AVCMOS name/design came in from one of the companies Cypress acquired, IMI. It is another name for variable output impedance (VOI), or sometimes called variable slew rate (VSR). It is a type of output buffer that has a strong drive current from the beginning of a switch (ie. rise or fall time) to about the mid-point of the switch. At about mid-point, some of the legs of the transistors shut off so that the drive current is reduced, and the resulting transition from mid-point of the switch to the final settling value is smooth (i.e. little overshoot/undershoot). This way, higher frequencies can be achieved without as much overshoot/undershoot. It's called "variable impedance" because the impedance changed depending on whether you're looking at the start of the rise/fall time or the end. Actually, "variable slew rate" is perhaps a more accurate description.     

Check the KnowledgeBase Article Titled: AVCMOS Outputs of CY2CC810 Explained at: http://www.cypress.com/?id=4&rID=39987

The output impedance of Cypress Zero Delay Buffers is between 20-30 ohm, unless otherwise specified in the datasheets. So its recommended to use a 20-30 ohm series resistor to match a 50 ohm transmission line. Since the output impedance for the ZDBs is between 20-30 ohm, it is recommended to start with (X-28) Ohms series termination placed as close as possible to each output pin (where X is the transmission line impedance you connect to), thus assuming a 28 Ohms output impedance initially. So if you connect the output to 50 Ohms, then 50-28=22 Ohms series termination will be required for impedance matching.

Tracking skew can be defined as the deviation of the output of the PLL from its input.

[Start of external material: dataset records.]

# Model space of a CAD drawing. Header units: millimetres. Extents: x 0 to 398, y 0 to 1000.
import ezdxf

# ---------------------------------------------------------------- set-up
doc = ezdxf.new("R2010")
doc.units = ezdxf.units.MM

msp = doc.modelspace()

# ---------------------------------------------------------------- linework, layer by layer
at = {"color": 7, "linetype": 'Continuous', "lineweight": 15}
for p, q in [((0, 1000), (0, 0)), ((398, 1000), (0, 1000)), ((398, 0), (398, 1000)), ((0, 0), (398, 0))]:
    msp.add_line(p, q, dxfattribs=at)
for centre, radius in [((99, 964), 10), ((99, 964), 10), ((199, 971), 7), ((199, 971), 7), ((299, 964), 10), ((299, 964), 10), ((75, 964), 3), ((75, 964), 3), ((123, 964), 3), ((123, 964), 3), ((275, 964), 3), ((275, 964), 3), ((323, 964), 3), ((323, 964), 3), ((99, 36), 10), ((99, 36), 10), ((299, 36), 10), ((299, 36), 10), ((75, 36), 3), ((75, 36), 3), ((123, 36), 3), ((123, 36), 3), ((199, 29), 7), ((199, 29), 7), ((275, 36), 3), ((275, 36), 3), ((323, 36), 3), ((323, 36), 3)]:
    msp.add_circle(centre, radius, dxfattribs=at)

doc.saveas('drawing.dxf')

We can expect the feedback signal to be stable as any variations there itself can cause instability with the locking and have the PLL working in Acquisition and tracking mode which are the two states of a PLL: phase-locked or acquiring lock. Any larger change to the frequency and phase to the Reference or Feedback is going to make the clock lose its lock and relock to the new frequency and phase. Cypress usually does not define and measure the tracking skew for the devices and provide as a value. It should be noted that PLLs are normally capable of tracking long-term jitter. PLLs, by design, are incapable of tracking cycle-to-cycle jitter, because the PLL response time is typically slow. When the modulation occurs at a rate and level that is too difficult for a PLL to track, the PLL may give a “best-effort” tracking which is referred to as tracking skew.     

Tracking is synonymous with the locked condition and simply describes the extent to which the loop can follow variations in the input clock frequency. PLLs operate on the phase of signals and therefore are susceptible to changes in the clock edges on the inputs. The transient response of a PLL is generally a very complex, non-linear process. In general terms, the PLL will follow the presence of a slowly occurring signal at the input and does not react to rapidly occurring transitions (frequencies outside of the PLL’s loop bandwidth).     

So with the Tracking skew, cascaded PLLs can have an adverse effect on the amount of skew exhibited. Modulations and excessive input noise that are sometimes created by jitter peaking, can lead a phase-locked loop into a condition of instability that results in less than optimal output conditions.

The jitter transfer characteristic is that of second order low-pass filter with the -3dB point at approximately 1MHz-3MHz depending on its internal configuration (also called close loop bandwidth). This means that if the jitter frequency is less than loop bandwidth, it will pass through the PLL and appear on all outputs.

Jitter transfer characteristics of clock buffers actually peaks at 1MHz where the jitter increases and then rolls down with 20-dB/decade attenuation.